The announcement follows the one four weeks ago when Microsoft said it would sell a $14.99 upgrade to Windows 8 Pro to buyers of new PCs equipped with the still-current Windows 7. That deal, like today's, is good through January 31, 2013.
Although the new offer is open to customers with PCs powered by XP, Vista or Windows 7, the upgrade is most thorough from Windows 7, Microsoft said.
"You will be able to upgrade from any consumer edition of Windows 7 to Windows 8 Pro and bring everything along which includes your Windows settings, personal files, and apps," said company spokesman Brandon LeBlanc.
That fits with what Microsoft had told users when it launched Windows 8 Consumer Preview last February, and what reports said had been passed along to partners last week.
The $39.99 fee is for a download of the Windows 8 Pro upgrade. Microsoft will also sell a DVD in a box at retail for $69.99.

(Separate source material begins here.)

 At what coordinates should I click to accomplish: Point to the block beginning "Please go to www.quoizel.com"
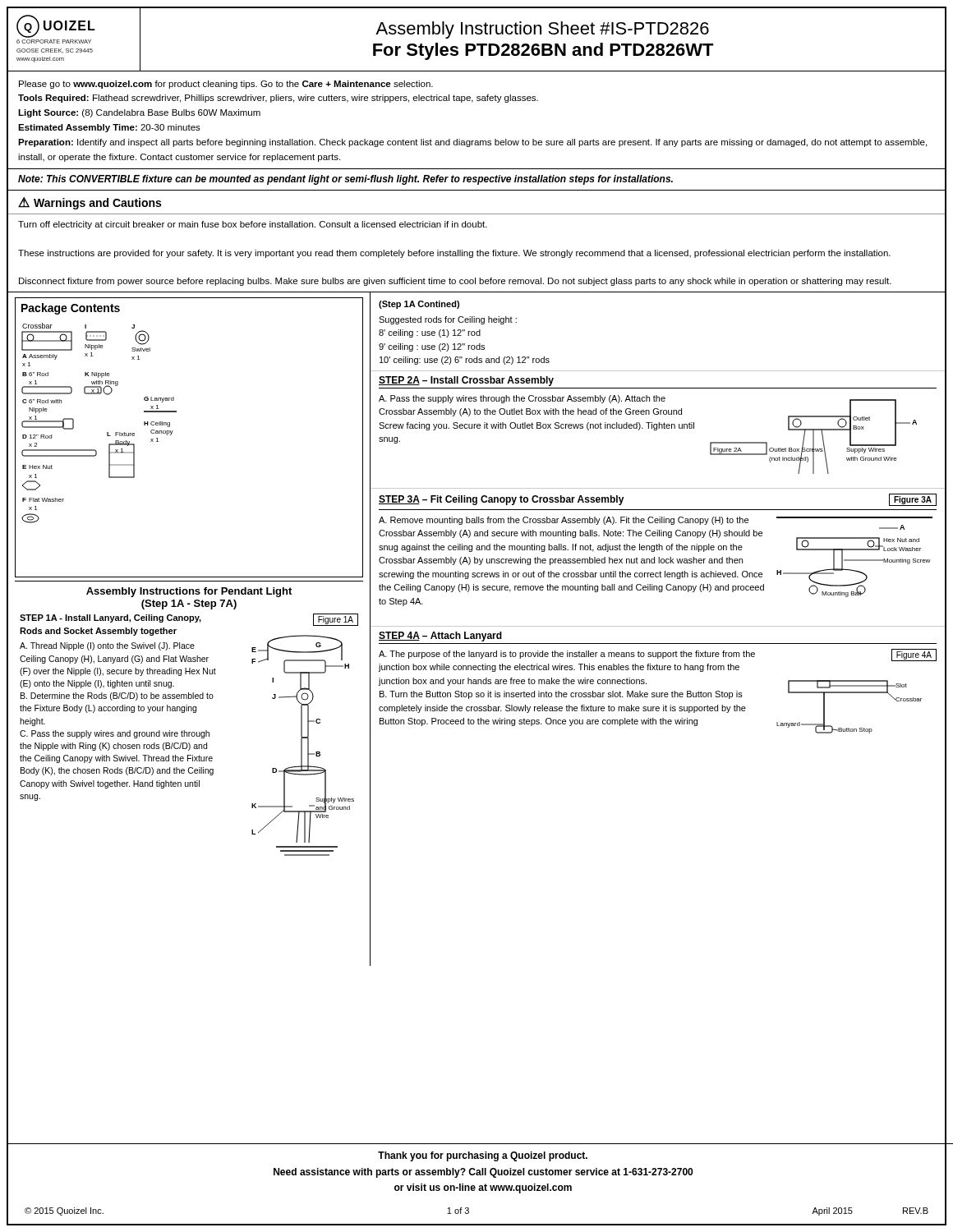pos(226,85)

The download price is $10 less than Microsoft charged for a Windows 7 upgrade three years ago. Then, the company ran a two-week pre-sale for $50 upgrades to Windows 7 Home Premium, a 58% discount, and for $100 upgrades to Windows 7 Professional.
"I would call this a fair price, but aggressive? No, given what other operating system upgrades cost," NPD's Baker said. "Many are free or cheaper than that."
Among free upgrades, Baker cited those offered by Apple and Google for their iOS and Android mobile operating systems. Apple's upgrade later this month to OS X Mountain Lion will cost $19.99, half that of Windows 8 Pro.
Microsoft has little incentive to lower its prices to near Apple's, said Baker, because ultimately it really wants people to buy new hardware, not upgrade already-purchased machines.
"Over time, we're seeing less and less movement directly to a new OS versus buying new hardware," said Baker. "It behooves Microsoft to get people to move to new hardware, so they're not going to make an upgrade extraordinarily cheap."
That's especially true this cycle because of Windows 8's emphasis on touch and gestures, which has prompted computer makers - "original equipment manufacturers," or OEMS in industry parlance - to plan new, touch-enabled hardware, including so-called "convertibles," or devices that blend elements of both tablets and laptops.
"This upgrade cycle is even more about hardware," Baker said. "Microsoft wants people to get off XP and into the new different types of hardware."
Microsoft's focus on downloads rather than brick-and-mortar sales - the boxed copy comes with a 75% surcharge - is also indicative of trends, said Baker. "They can't ignore the retail piece, but given the state of broadband and how people buy most software now, the emphasis on downloads is a fact of life," he said. "It's just another part of the movement away from disk-based sales."
Although retail has typically welcomed Windows upgrades as a way to get customers into store, brick-and-mortar won't automatically rue Microsoft's decision to push downloads, Baker added.
"They'll try to drive hardware sales," he said. "There are bigger dollars there, and more opportunities to sell add-ons."
Microsoft will uses its Windows.com website to sell and distribute the Windows 8 Pro upgrade in 131 different markets and in 37 languages.